The biopic expands from the point of Chamkila’s accidental acquisition of her nom de plume and her initial struggle to find a suitable female singing partner to her mentor Jatinder Zinda (based on the real-life Surinder Zinda)’s swift and dramatic takeover.

Chamkila’s runaway success irritated his rivals and irritated the guardians of Punjab’s morals. Her inter-caste marriage to Amarjot – he a Jat, she a Ramdasia – puts her on a collision course with the village council.

During the height of militancy in the 1980s, his raucous, no-holds-barred, double-entendre-led songs helped his fans escape the anxiety of a violence-prone world. He sang about sexual desire, the female body, drugs, social taboos and illicit relations.

A journalist accused him, and not unreasonably, of being disrespectful to women. He protects himself. I am a common man, he says, who has no choice but to weigh the pros and cons.

There is a sequence in the film in which Chamkila mentions her caste and insists that wherever she emerged from, she will not go back. I will not starve, he insisted. The film, however, shies away from making his social identity the main narrative axis, focusing instead on his run-ins with the hypocrisies of polite society.

The Chamkila-Amarjot marriage crosses two lines – one marked by caste division and the other by her marital status. The singer has a first wife, a fact he hid from Tikki and Amarjot.

The story is originally told by Chamkila’s two surviving associates. Her former drummer and manager Kesar Singh Tikki (Anjum Batra) who drinks cheap alcohol at a seedy bar after learning of Chamkila’s death, reflects on the singer’s early success.

The latter half of the story is brought together by group member and singer Kikar Dalewala (Ravi Johal). Kicker reminisces in response to DSP Balbir Singh’s (Anurag Arora) questions. He taunts Kikar when he asks if he has ever heard Chamkila’s song. The police officer got angry and fired back: Am I a truck driver or a country bumpkin?

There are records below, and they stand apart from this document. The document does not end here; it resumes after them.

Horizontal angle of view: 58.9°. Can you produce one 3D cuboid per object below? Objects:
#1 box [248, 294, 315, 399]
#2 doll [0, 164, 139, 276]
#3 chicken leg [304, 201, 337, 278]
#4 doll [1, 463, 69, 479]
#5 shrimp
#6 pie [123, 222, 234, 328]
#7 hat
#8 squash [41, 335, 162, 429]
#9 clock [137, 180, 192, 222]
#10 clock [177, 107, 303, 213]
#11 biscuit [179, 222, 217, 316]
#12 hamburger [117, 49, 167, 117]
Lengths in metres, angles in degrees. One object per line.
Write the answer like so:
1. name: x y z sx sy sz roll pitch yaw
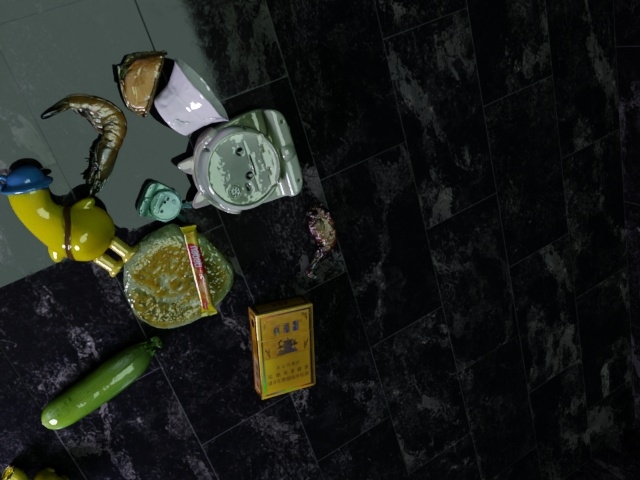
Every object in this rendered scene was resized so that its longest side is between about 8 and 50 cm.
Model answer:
1. box: -0.122 0.342 1.831 0.193 0.084 0.301 -10 110 -24
2. doll: -0.639 -0.040 1.411 0.363 0.145 0.199 40 98 -23
3. chicken leg: 0.000 0.000 1.806 0.106 0.051 0.253 -4 109 -20
4. doll: -0.784 0.704 1.582 0.221 0.143 0.135 34 54 -31
5. shrimp: -0.606 -0.238 1.420 0.198 0.051 0.262 16 95 -23
6. pie: -0.410 0.110 1.619 0.323 0.070 0.323 -9 112 -24
7. hat: -0.345 -0.353 1.458 0.126 0.203 0.203 -35 121 9
8. squash: -0.607 0.400 1.592 0.379 0.101 0.101 -36 119 -15
9. clock: -0.425 -0.098 1.556 0.135 0.041 0.101 19 97 -31
10. clock: -0.223 -0.204 1.587 0.324 0.108 0.265 -26 116 -18
11. biscuit: -0.341 0.085 1.590 0.048 0.026 0.292 -9 114 -2
12. hamburger: -0.456 -0.408 1.424 0.102 0.087 0.176 20 109 -9
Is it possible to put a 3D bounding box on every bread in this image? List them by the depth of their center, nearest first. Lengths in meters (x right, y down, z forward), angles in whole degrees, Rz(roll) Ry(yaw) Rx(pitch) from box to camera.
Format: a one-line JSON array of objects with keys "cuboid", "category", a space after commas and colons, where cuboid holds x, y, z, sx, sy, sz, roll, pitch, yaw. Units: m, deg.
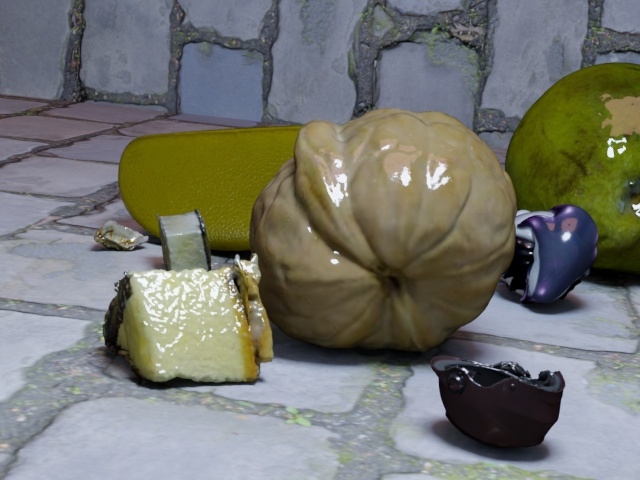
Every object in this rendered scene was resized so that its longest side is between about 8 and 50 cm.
[{"cuboid": [-0.132, 0.094, 1.294, 0.147, 0.127, 0.152, -2, -21, -24], "category": "bread"}]

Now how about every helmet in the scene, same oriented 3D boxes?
[{"cuboid": [0.153, 0.143, 1.144, 0.123, 0.070, 0.098, 5, 2, 39], "category": "helmet"}]

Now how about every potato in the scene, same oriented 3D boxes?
[{"cuboid": [-0.176, 0.006, 1.696, 0.061, 0.086, 0.122, -10, 15, -9], "category": "potato"}]

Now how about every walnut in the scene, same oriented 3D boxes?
[{"cuboid": [0.067, -0.011, 1.419, 0.296, 0.285, 0.285, -30, 5, 11], "category": "walnut"}]

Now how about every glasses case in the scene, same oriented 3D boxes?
[{"cuboid": [-0.102, -0.073, 1.851, 0.371, 0.173, 0.141, -1, 3, 28], "category": "glasses case"}]

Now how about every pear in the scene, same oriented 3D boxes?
[{"cuboid": [0.454, -0.108, 1.979, 0.352, 0.351, 0.413, 6, 18, 2], "category": "pear"}]

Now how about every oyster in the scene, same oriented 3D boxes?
[{"cuboid": [-0.283, -0.004, 1.814, 0.093, 0.034, 0.051, 11, 21, -39], "category": "oyster"}]

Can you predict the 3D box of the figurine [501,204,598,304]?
[{"cuboid": [0.297, 0.015, 1.737, 0.145, 0.145, 0.222, 4, 9, -9], "category": "figurine"}]
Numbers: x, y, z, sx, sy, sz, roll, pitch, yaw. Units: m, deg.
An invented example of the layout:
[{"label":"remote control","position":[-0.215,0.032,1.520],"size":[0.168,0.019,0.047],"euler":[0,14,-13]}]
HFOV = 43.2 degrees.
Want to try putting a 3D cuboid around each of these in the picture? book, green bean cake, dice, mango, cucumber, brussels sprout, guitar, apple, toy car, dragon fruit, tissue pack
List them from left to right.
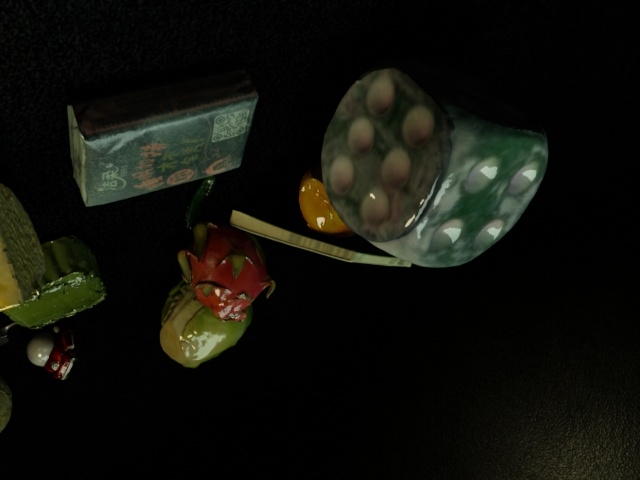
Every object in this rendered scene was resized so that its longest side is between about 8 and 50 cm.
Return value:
[{"label":"apple","position":[-0.647,0.045,1.349],"size":[0.309,0.252,0.314],"euler":[-12,152,-2]},{"label":"guitar","position":[-0.759,0.221,1.935],"size":[0.233,0.025,0.088],"euler":[-27,158,2]},{"label":"toy car","position":[-0.683,0.282,2.040],"size":[0.112,0.139,0.112],"euler":[18,111,-35]},{"label":"green bean cake","position":[-0.576,0.094,1.723],"size":[0.214,0.113,0.200],"euler":[-23,158,-9]},{"label":"tissue pack","position":[-0.279,-0.182,1.434],"size":[0.316,0.103,0.228],"euler":[-18,156,-24]},{"label":"cucumber","position":[-0.267,-0.087,1.770],"size":[0.036,0.033,0.184],"euler":[12,144,-20]},{"label":"brussels sprout","position":[-0.306,0.200,2.159],"size":[0.294,0.227,0.259],"euler":[-40,167,-46]},{"label":"dragon fruit","position":[-0.230,0.072,1.939],"size":[0.224,0.227,0.224],"euler":[-20,150,-12]},{"label":"book","position":[0.000,0.000,1.912],"size":[0.260,0.371,0.043],"euler":[8,98,-54]},{"label":"mango","position":[0.057,-0.106,1.872],"size":[0.138,0.187,0.257],"euler":[-42,171,31]},{"label":"dice","position":[0.221,-0.163,1.633],"size":[0.348,0.330,0.327],"euler":[-2,128,-45]}]

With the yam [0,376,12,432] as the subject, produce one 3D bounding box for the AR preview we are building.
[{"label":"yam","position":[-0.906,0.393,1.942],"size":[0.195,0.195,0.300],"euler":[-33,157,17]}]
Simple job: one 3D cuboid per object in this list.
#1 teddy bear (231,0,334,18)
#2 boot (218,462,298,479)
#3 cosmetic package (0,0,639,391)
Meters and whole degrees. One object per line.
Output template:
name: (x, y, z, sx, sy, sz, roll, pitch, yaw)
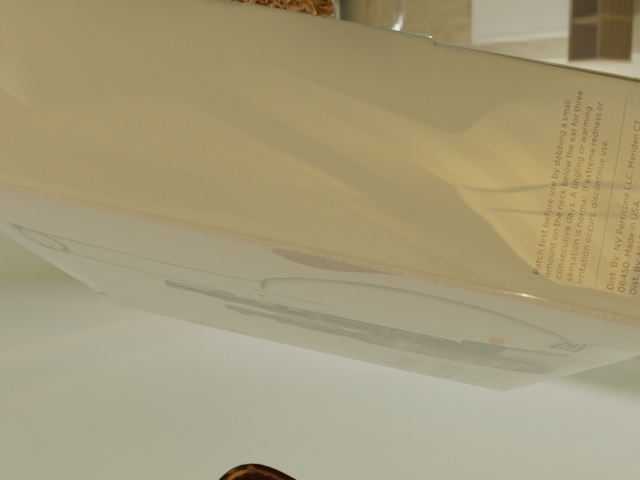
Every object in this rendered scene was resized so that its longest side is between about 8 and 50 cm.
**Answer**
teddy bear: (-0.089, -0.306, 0.841, 0.113, 0.338, 0.245, -11, 152, -16)
boot: (0.013, 0.216, 0.519, 0.082, 0.219, 0.106, -39, 172, -19)
cosmetic package: (0.000, 0.000, 0.508, 0.285, 0.097, 0.377, 14, 169, 4)
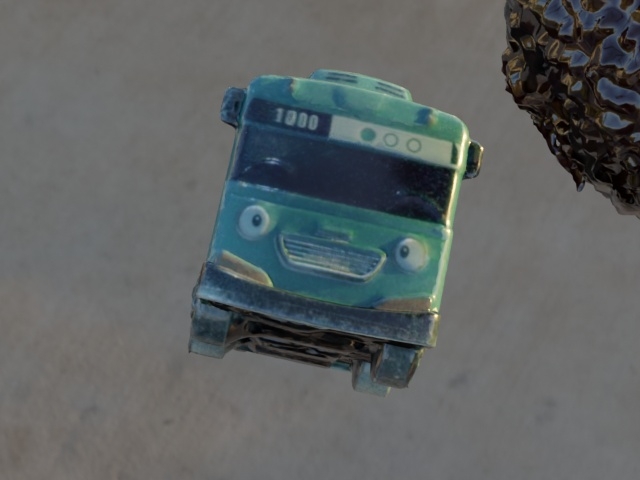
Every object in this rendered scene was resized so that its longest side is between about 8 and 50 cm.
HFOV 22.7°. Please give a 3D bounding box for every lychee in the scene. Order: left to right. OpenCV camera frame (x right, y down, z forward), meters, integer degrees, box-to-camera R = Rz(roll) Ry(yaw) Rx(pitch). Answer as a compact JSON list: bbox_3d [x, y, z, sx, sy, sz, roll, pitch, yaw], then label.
[{"bbox_3d":[0.166,-0.092,0.665,0.188,0.188,0.188,-3,50,3],"label":"lychee"}]

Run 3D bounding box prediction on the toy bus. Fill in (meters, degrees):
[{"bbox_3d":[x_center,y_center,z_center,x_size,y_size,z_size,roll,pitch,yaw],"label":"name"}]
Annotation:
[{"bbox_3d":[0.000,0.000,0.862,0.128,0.256,0.147,12,81,-3],"label":"toy bus"}]
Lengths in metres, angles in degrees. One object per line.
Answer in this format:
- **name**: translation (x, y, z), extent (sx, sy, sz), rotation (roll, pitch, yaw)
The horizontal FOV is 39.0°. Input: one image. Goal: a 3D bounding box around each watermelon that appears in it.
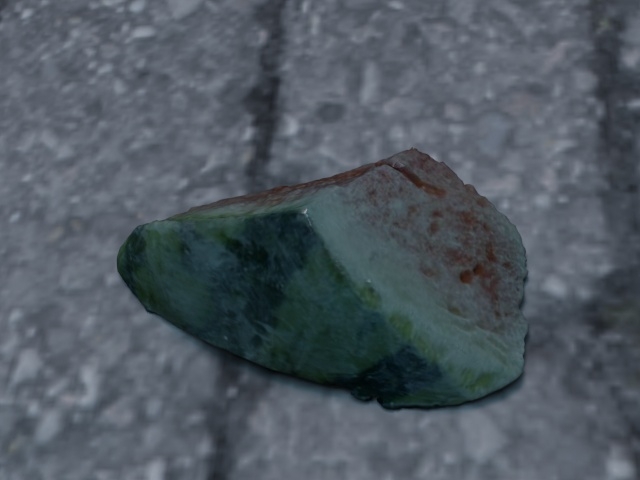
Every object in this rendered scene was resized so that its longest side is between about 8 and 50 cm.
- **watermelon**: translation (-0.005, 0.005, 0.371), extent (0.180, 0.081, 0.094), rotation (3, 34, 6)
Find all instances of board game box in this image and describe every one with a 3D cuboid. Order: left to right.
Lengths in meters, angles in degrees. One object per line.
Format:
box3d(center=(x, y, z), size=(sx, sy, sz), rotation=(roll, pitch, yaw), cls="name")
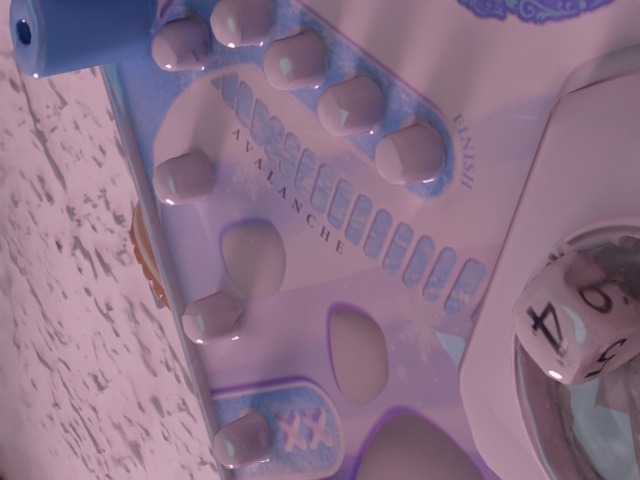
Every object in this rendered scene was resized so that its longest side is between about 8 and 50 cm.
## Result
box3d(center=(0.073, 0.035, 0.379), size=(0.390, 0.050, 0.390), rotation=(-15, 92, 51), cls="board game box")

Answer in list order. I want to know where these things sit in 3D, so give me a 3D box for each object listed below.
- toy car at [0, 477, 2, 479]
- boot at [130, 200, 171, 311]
box3d(center=(-0.210, 0.239, 0.937), size=(0.188, 0.149, 0.155), rotation=(54, 136, 11), cls="toy car")
box3d(center=(0.000, 0.000, 0.540), size=(0.158, 0.059, 0.084), rotation=(34, 129, 37), cls="boot")
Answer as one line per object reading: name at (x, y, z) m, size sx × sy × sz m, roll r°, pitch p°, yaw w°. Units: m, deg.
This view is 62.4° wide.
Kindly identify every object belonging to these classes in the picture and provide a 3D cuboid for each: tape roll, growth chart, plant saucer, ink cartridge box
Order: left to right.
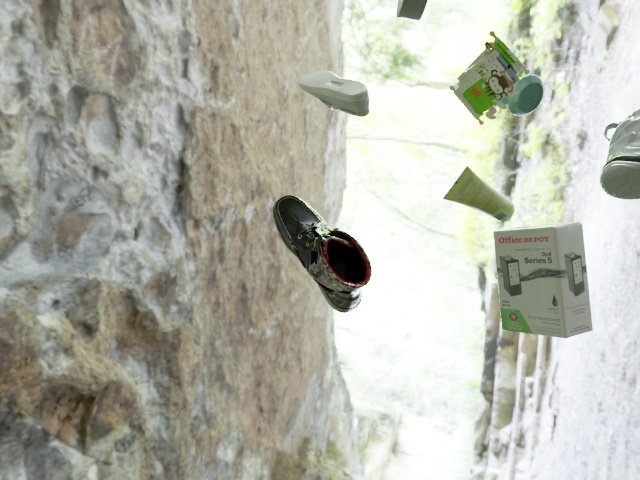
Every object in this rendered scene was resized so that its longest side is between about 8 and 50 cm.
tape roll at (0.290, -0.781, 1.598) m, size 0.219 × 0.072 × 0.219 m, roll -169°, pitch 90°, yaw -87°
growth chart at (0.466, -0.437, 1.463) m, size 0.021 × 0.172 × 0.237 m, roll -42°, pitch -5°, yaw -33°
plant saucer at (0.585, -0.404, 1.489) m, size 0.021 × 0.119 × 0.119 m, roll -125°, pitch 23°, yaw -52°
ink cartridge box at (0.563, 0.096, 1.353) m, size 0.115 × 0.198 × 0.273 m, roll -7°, pitch -89°, yaw -30°

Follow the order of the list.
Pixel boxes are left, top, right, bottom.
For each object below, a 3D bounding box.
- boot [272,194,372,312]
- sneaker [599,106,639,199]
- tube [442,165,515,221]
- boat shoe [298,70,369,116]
boot at (0.002, 0.000, 0.860) m, size 0.236 × 0.085 × 0.178 m, roll 57°, pitch 168°, yaw 11°
sneaker at (0.800, -0.215, 1.134) m, size 0.137 × 0.366 × 0.210 m, roll 50°, pitch -136°, yaw -41°
tube at (0.389, -0.106, 1.282) m, size 0.240 × 0.062 × 0.070 m, roll 17°, pitch -108°, yaw -42°
boat shoe at (0.027, -0.281, 1.019) m, size 0.066 × 0.184 × 0.063 m, roll -42°, pitch -45°, yaw -26°
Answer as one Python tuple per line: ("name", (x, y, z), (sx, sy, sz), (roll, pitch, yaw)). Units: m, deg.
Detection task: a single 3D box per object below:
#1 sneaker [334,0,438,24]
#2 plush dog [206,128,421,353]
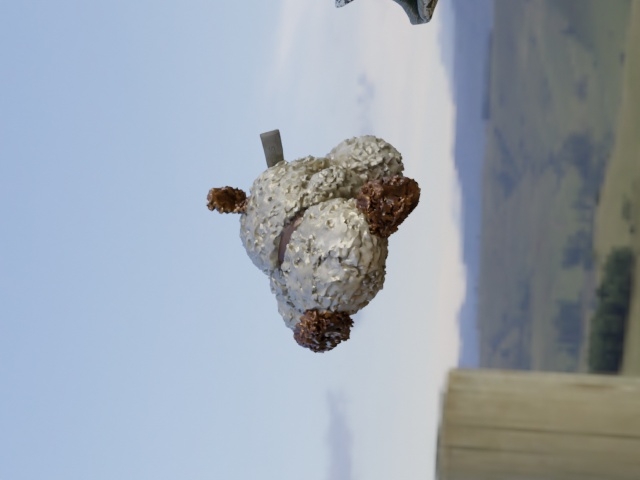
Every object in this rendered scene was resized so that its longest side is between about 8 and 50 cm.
("sneaker", (0.028, -0.429, 1.967), (0.158, 0.410, 0.182), (-23, 53, 63))
("plush dog", (0.000, 0.000, 1.595), (0.225, 0.210, 0.262), (35, 104, 55))
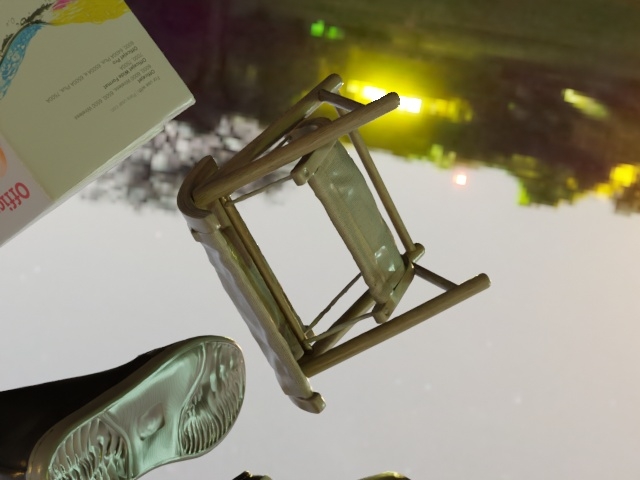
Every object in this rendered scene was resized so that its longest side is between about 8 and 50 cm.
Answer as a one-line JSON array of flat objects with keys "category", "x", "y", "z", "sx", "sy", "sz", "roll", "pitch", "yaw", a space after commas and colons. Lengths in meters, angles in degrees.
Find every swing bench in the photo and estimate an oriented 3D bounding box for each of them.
[{"category": "swing bench", "x": 0.000, "y": 0.000, "z": 1.548, "sx": 0.255, "sy": 0.253, "sz": 0.165, "roll": -34, "pitch": -155, "yaw": -14}]

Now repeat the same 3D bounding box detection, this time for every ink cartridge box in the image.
[{"category": "ink cartridge box", "x": -0.256, "y": -0.136, "z": 1.158, "sx": 0.168, "sy": 0.232, "sz": 0.171, "roll": -42, "pitch": -171, "yaw": -36}]

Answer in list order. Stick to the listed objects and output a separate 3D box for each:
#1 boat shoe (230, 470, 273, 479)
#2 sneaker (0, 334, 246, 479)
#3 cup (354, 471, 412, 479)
[{"category": "boat shoe", "x": -0.288, "y": 0.411, "z": 1.939, "sx": 0.500, "sy": 0.156, "sz": 0.187, "roll": -23, "pitch": 166, "yaw": -19}, {"category": "sneaker", "x": -0.149, "y": 0.110, "z": 0.961, "sx": 0.118, "sy": 0.083, "sz": 0.222, "roll": 5, "pitch": -165, "yaw": 33}, {"category": "cup", "x": -0.017, "y": 0.403, "z": 1.384, "sx": 0.237, "sy": 0.331, "sz": 0.331, "roll": -5, "pitch": -164, "yaw": -22}]

The film blends a vibrant palette, visual richness and playful tropes to transport the audience to the terrain where Chamkila appeared like a meteor in the sky and lit up the world around her so intensely that it would never fade. die alone

The grim narrative rhythm serves as a counterpoint to the grim reality of 1980s Punjab. An admirer in the audience waiting to hear his song: Other artists are great but you are our own man. Baaja (lyrics by Irshad Kamil) as an introductory song, he is a people’s singer, underscores the film’s opening.

For balance, the film stages a trippy number devoted entirely to female desire, the soft kalja, sung and merrily performed by village women who are deprived of seats in front of the stage where Chamkila performs. They stand on the back porch of the field and watch the performance.

The full-bodied and occasionally frolicsome style – it combines archival footage, family album images, freeze frames, animation, split screen, tinted frames and visual caesura – tries to approximate the wildness at the heart of Chamkila’s world, even if it slows down at times. Reflect on the singer’s soft-spoken, non-confrontational way with the people around him.

Diljit Dosanjh is the best as Chamkila. That, his fans will confirm, should be enough to make the film a treat. But there is more Amar Singh ChamkilaWith Parineeti Chopra and Anurag Arora’s combined interpretation and Imtiaz Ali’s grip on the material.

Amar Singh Chamkila A transfixing viewing experience. Its music is the biggest draw but the rest of the film pays off every bit.